### DIRECTIONS
Which of the lines in the records below hold the string "across"? Copy every one of them.

[Saved data entries]
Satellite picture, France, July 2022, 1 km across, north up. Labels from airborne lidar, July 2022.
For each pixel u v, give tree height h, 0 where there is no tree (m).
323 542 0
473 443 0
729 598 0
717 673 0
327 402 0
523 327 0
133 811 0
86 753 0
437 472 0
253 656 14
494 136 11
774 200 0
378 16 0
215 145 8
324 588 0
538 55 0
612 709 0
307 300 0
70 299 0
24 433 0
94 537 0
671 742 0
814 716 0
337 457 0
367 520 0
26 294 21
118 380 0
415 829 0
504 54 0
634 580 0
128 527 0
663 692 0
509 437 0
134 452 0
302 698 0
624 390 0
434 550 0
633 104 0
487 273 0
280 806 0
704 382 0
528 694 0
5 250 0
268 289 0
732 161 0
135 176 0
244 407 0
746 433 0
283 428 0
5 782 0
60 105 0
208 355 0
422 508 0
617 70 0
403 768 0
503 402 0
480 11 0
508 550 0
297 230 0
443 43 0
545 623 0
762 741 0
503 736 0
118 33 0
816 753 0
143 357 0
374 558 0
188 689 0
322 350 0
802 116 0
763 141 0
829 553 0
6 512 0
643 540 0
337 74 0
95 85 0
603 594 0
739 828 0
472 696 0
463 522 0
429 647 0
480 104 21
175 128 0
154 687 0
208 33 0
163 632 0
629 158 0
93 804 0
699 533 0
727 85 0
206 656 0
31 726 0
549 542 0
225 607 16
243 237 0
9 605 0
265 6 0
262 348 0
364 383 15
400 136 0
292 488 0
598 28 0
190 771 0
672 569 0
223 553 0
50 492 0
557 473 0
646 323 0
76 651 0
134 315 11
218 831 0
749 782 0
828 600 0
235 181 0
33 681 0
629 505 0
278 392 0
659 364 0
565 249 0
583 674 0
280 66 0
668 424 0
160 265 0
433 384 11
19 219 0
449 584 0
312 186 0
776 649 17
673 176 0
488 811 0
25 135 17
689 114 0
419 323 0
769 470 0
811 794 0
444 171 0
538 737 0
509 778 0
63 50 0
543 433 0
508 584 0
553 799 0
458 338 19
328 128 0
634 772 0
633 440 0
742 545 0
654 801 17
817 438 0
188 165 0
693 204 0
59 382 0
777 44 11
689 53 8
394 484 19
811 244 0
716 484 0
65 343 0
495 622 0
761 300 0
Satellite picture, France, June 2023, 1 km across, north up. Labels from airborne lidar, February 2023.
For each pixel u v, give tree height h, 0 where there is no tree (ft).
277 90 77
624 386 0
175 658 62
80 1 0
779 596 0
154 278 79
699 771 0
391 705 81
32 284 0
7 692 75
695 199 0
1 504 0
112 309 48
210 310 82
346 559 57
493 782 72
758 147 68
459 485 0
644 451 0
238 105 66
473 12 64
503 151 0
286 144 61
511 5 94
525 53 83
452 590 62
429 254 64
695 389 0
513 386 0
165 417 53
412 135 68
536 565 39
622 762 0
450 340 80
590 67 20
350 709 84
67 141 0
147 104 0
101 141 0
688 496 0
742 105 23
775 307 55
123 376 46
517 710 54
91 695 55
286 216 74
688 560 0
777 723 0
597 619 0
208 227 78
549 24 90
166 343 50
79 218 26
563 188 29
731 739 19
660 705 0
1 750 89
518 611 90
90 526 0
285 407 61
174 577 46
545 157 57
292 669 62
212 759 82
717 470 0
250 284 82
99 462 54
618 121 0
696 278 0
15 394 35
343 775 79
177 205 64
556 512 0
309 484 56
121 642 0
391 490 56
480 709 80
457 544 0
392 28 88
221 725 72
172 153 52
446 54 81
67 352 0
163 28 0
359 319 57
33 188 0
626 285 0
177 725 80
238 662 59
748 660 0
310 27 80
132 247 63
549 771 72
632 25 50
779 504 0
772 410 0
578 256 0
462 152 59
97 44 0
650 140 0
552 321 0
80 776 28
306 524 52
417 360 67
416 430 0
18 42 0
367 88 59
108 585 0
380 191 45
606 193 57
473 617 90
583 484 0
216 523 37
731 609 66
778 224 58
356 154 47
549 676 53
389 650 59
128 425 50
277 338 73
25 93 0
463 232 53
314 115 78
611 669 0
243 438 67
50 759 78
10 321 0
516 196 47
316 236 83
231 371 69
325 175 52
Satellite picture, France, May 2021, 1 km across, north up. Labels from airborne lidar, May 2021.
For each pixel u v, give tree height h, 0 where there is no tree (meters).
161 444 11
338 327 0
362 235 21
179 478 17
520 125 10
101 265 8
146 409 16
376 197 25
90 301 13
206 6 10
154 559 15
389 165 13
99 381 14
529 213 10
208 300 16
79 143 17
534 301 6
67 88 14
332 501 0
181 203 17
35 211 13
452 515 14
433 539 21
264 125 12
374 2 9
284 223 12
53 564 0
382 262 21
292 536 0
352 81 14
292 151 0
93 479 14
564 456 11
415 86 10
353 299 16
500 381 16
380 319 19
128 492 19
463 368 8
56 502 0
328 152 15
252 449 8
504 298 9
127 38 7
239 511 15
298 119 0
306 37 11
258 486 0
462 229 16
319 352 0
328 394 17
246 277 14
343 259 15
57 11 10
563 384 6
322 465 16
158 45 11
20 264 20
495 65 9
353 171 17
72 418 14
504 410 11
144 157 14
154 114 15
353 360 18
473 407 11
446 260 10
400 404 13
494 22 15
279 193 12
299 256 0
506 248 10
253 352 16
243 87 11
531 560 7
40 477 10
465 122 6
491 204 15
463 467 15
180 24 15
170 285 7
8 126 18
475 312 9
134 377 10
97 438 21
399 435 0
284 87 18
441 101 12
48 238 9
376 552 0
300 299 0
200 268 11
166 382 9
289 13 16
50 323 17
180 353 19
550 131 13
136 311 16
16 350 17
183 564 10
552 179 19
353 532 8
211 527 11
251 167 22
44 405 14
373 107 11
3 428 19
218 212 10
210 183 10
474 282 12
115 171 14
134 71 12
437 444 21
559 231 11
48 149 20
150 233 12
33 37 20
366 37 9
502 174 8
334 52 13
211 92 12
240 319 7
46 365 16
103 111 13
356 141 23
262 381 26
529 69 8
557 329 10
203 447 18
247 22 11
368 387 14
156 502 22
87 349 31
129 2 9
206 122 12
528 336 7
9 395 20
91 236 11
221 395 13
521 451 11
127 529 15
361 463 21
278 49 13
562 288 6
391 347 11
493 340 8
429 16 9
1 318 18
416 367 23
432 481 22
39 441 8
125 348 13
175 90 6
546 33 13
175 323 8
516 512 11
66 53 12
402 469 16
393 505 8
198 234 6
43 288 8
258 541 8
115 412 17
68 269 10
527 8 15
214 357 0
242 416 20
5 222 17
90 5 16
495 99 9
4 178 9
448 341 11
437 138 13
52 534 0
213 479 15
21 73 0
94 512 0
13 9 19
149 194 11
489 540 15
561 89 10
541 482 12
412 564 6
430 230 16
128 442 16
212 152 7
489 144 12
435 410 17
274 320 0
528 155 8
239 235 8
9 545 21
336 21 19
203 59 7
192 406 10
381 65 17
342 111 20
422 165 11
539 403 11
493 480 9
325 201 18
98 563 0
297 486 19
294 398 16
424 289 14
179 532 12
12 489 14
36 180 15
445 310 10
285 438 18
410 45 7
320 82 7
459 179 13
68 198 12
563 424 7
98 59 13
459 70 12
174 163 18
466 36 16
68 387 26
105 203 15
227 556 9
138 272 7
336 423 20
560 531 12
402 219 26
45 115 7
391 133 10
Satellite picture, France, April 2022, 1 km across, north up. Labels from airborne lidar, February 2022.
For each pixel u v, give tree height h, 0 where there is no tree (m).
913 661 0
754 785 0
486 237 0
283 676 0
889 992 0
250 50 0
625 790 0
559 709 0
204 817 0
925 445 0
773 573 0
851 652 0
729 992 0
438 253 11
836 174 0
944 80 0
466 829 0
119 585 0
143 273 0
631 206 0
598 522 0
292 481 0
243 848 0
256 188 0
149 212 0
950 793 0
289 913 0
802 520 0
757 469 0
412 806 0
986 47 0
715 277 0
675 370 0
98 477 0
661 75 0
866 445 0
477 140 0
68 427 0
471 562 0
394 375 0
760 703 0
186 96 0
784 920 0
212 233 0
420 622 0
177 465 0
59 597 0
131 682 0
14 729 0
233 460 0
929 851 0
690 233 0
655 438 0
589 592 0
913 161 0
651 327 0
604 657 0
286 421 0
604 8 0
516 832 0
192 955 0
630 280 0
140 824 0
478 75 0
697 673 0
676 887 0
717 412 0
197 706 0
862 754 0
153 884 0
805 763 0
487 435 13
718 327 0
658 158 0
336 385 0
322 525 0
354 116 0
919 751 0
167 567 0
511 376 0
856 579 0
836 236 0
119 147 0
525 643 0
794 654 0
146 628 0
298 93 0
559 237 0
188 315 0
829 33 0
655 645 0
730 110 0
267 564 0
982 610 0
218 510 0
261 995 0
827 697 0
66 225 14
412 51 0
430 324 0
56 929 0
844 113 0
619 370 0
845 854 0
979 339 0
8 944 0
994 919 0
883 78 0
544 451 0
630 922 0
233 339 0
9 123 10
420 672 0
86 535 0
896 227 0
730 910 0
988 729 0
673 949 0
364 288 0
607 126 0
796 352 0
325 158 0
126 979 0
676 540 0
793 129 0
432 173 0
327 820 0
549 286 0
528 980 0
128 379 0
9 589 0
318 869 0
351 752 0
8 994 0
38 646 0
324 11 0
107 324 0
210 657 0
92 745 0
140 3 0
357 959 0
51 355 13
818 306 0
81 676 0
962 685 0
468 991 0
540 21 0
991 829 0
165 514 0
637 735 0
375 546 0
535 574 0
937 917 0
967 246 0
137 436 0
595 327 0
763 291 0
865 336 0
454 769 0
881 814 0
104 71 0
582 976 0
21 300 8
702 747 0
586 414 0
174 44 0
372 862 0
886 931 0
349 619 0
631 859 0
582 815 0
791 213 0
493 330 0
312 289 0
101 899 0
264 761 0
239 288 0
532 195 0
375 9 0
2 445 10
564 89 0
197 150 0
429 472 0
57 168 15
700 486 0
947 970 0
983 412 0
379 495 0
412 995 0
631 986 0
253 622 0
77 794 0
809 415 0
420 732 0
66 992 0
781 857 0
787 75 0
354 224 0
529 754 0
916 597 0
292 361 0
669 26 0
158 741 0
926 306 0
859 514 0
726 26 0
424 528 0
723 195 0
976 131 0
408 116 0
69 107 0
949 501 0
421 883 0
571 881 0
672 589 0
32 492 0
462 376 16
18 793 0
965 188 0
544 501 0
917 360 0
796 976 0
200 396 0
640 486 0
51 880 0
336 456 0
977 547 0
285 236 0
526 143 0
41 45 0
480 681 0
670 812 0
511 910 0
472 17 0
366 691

### WRITTEN ANSWER
Satellite picture, France, July 2022, 1 km across, north up. Labels from airborne lidar, July 2022.
Satellite picture, France, June 2023, 1 km across, north up. Labels from airborne lidar, February 2023.
Satellite picture, France, May 2021, 1 km across, north up. Labels from airborne lidar, May 2021.
Satellite picture, France, April 2022, 1 km across, north up. Labels from airborne lidar, February 2022.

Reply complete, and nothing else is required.